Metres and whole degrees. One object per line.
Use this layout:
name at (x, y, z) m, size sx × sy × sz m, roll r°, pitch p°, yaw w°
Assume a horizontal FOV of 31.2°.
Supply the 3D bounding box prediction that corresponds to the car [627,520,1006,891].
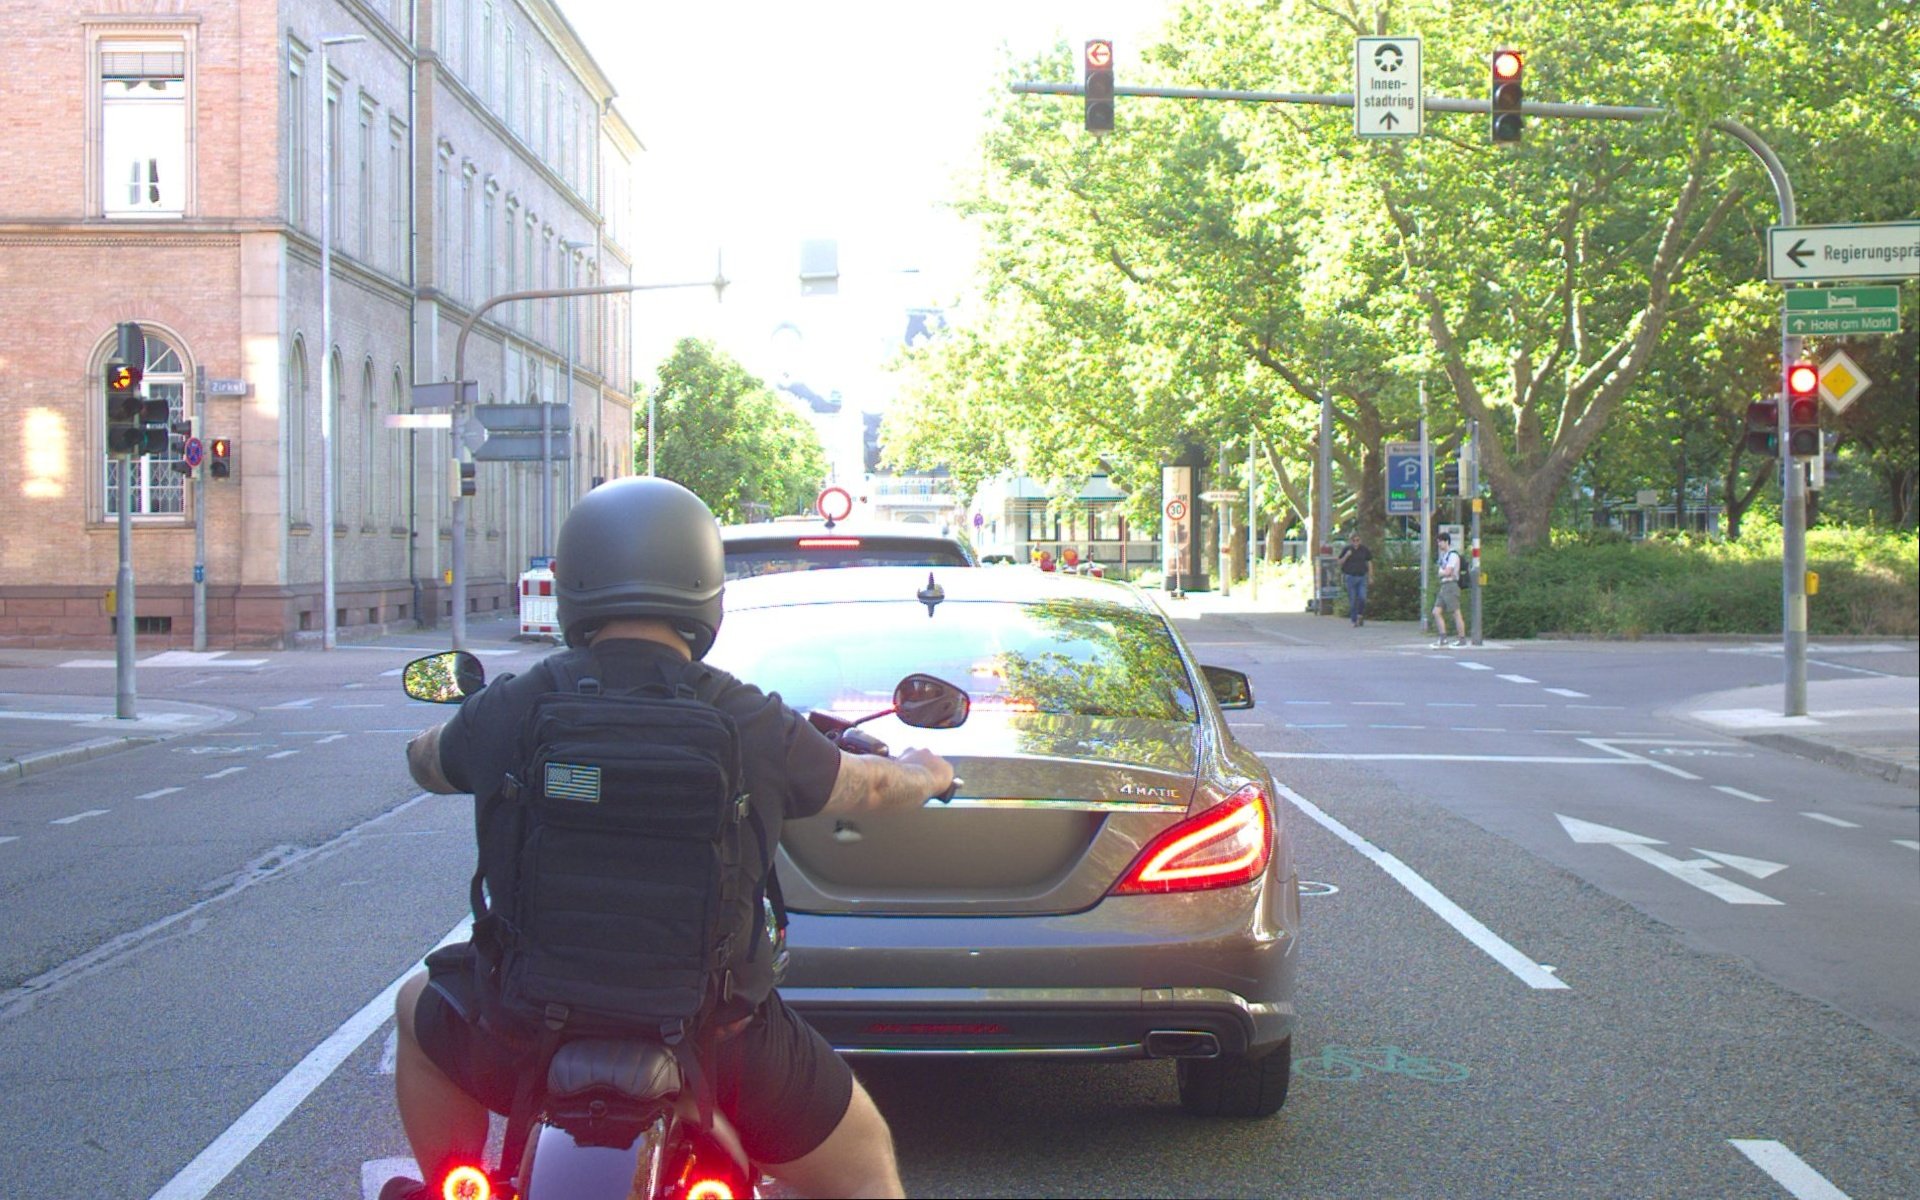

------

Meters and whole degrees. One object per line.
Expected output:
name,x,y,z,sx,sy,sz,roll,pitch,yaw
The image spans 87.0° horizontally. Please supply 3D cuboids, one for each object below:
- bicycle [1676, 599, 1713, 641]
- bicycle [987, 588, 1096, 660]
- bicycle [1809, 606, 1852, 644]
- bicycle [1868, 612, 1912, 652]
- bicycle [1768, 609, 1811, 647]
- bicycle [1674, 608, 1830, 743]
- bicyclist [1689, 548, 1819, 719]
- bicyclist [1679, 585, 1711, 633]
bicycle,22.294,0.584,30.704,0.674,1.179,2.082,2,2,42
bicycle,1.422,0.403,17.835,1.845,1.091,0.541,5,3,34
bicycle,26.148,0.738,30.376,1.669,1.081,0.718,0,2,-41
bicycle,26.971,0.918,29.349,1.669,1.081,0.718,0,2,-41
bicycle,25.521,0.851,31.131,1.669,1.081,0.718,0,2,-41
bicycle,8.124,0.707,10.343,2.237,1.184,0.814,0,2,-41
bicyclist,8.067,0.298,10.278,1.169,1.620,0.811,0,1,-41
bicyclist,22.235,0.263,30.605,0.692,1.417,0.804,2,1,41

------

▸ **What this task involves**
Look above for the line with "The image spans" and the line with "- bicyclist [1689, 548, 1819, 719]"; transcribe both and all lines in between, exactly, and nothing else.

▸ **Exercise result**
The image spans 87.0° horizontally. Please supply 3D cuboids, one for each object below:
- bicycle [1676, 599, 1713, 641]
- bicycle [987, 588, 1096, 660]
- bicycle [1809, 606, 1852, 644]
- bicycle [1868, 612, 1912, 652]
- bicycle [1768, 609, 1811, 647]
- bicycle [1674, 608, 1830, 743]
- bicyclist [1689, 548, 1819, 719]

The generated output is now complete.